TLDR: Self-directed learning is hard!

https://www.freepik.com/vectors/business

“There is so much information on the internet now,” is a phrase I hear. “There are tutorials, there are online courses, and there is stack overflow, a great forum for answering questions to your problems. Why would someone need a formal degree anymore? All the knowledge you need is online and available”

This is a question that I wrestled with from the beginning of my career until the day I started a Master’s degree in Computer Science. Now that I am a couple of semesters into my course, I can say that I’ve experienced both having to self-learn concepts and practices, and having to review those same ideas through structured coursework. So I thought I would share my story. Rather than share my experiences through a bulleted pointed list, though, I thought it may be more useful to write out a few formative experiences that illustrate my thoughts on this subject.

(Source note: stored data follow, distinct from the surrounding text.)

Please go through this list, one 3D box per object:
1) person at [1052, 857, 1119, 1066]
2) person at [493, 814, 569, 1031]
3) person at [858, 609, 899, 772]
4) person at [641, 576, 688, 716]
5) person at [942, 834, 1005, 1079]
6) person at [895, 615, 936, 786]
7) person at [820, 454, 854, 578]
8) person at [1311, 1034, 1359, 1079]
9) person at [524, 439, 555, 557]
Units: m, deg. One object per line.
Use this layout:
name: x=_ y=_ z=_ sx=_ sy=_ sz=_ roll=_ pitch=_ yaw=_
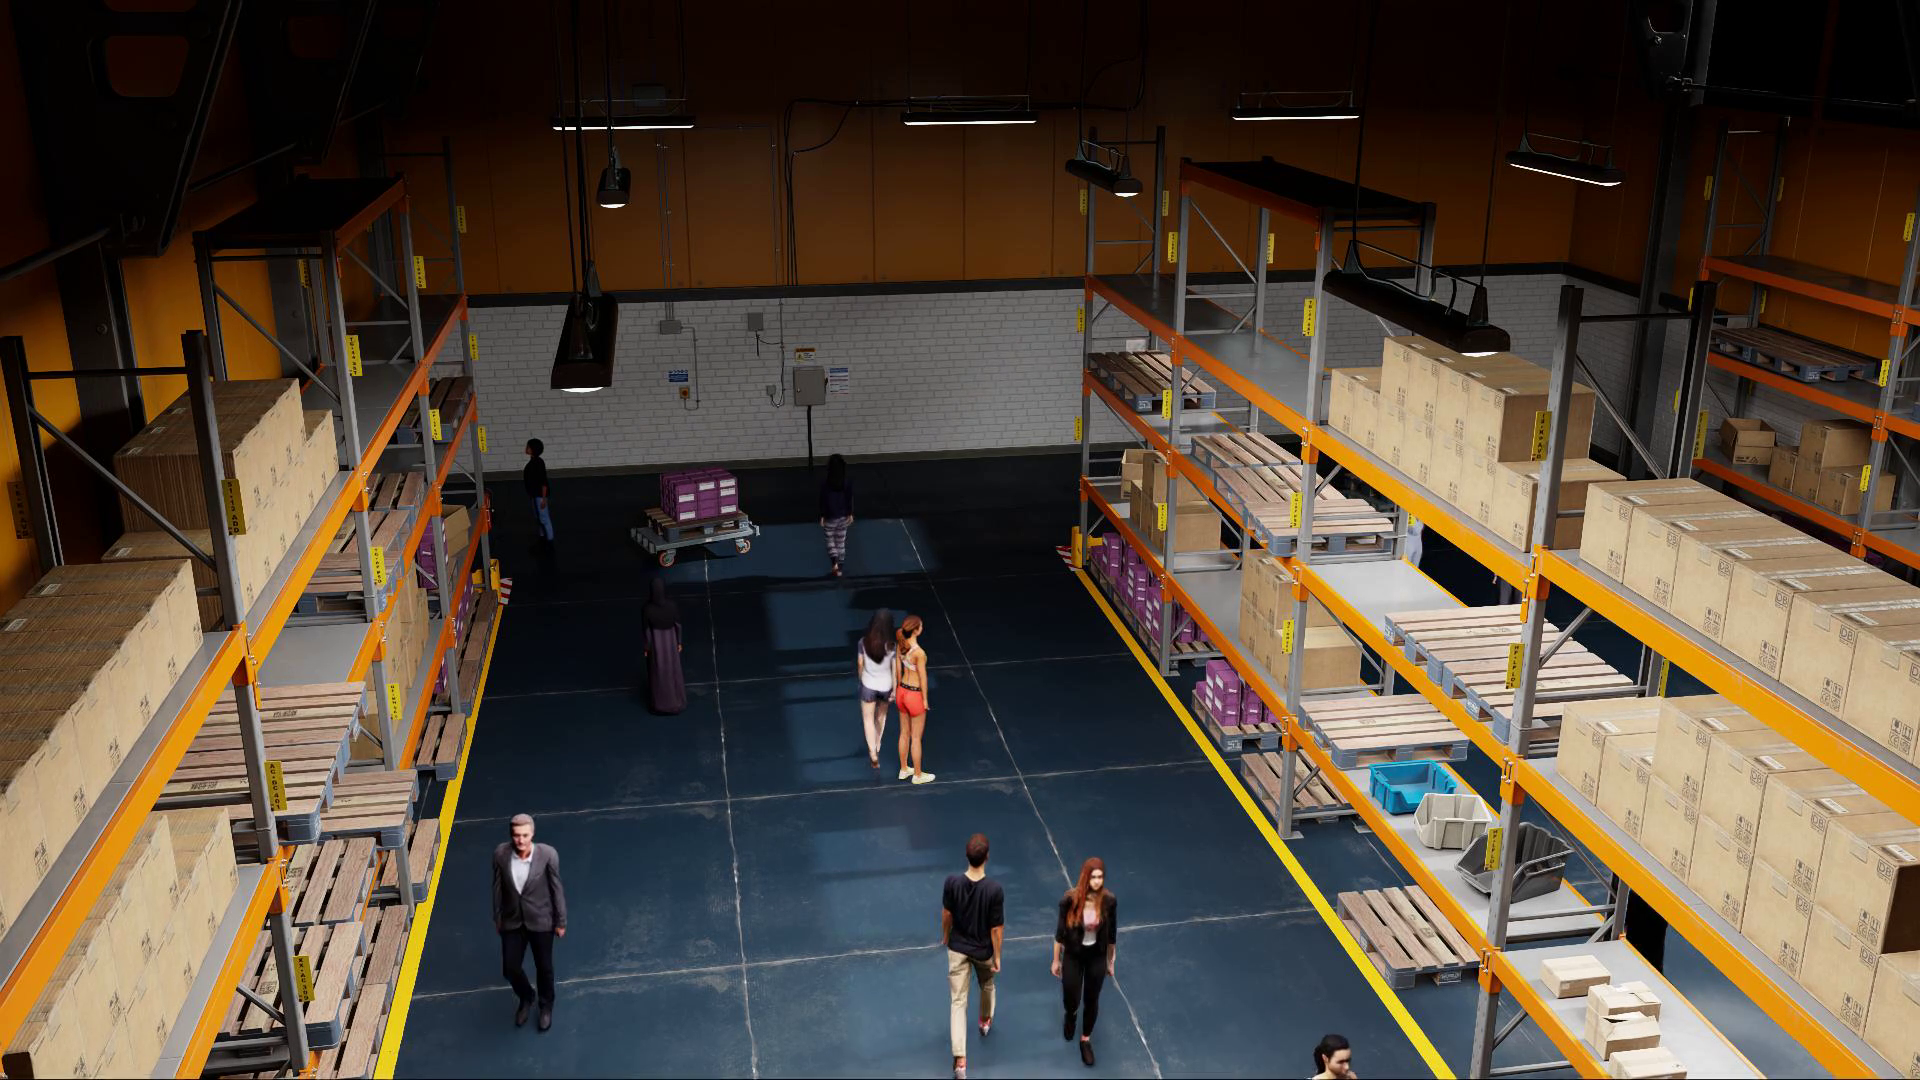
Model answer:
person: x=0.931 y=3.102 z=12.557 sx=0.661 sy=1.701 sz=0.715 roll=-2 pitch=19 yaw=-4
person: x=-3.342 y=2.915 z=12.926 sx=0.767 sy=1.822 sz=0.665 roll=-1 pitch=19 yaw=-4
person: x=-0.868 y=1.562 z=17.183 sx=0.670 sy=1.669 sz=1.078 roll=-2 pitch=19 yaw=-5
person: x=-3.307 y=1.159 z=18.466 sx=0.625 sy=1.613 sz=0.617 roll=-6 pitch=19 yaw=-16
person: x=0.070 y=3.116 z=12.347 sx=0.846 sy=1.809 sz=1.222 roll=2 pitch=19 yaw=5
person: x=-0.493 y=1.608 z=16.855 sx=0.722 sy=1.791 sz=0.636 roll=-16 pitch=24 yaw=-39
person: x=-1.677 y=-0.307 z=22.647 sx=0.613 sy=1.723 sz=0.595 roll=-4 pitch=19 yaw=-12
person: x=2.220 y=3.813 z=10.443 sx=0.825 sy=1.703 sz=1.111 roll=-11 pitch=21 yaw=-29
person: x=-5.969 y=-0.627 z=23.632 sx=0.713 sy=1.701 sz=0.600 roll=-12 pitch=22 yaw=-32

There are three parts to my story — how I started with self-learning through internet resources and work projects, how I went over the same material in a formal setting, and how, since completing my module, I am now back to learning on the job to continuously improve myself.

Part 1: Self-learning through the internet and on the job.

Learning about databases

When I first started coding for work, our team needed to put together an SQL database to productionize our machine learning model. We had built a model in the way most people are familiar with — with csvs for our training set and csvs for our test set. We passed different versions of the files around to each other as email and chat attachments. It worked because our team was small and the data was static. However, this would not work in production when we had to think of how business users would interact with our product. For that, we needed a more robust way of storing incoming data to it could be passed to our model. We also needed a way of storing our model’s predictions so it could later be retrieved by a user facing application. A database was the way to go.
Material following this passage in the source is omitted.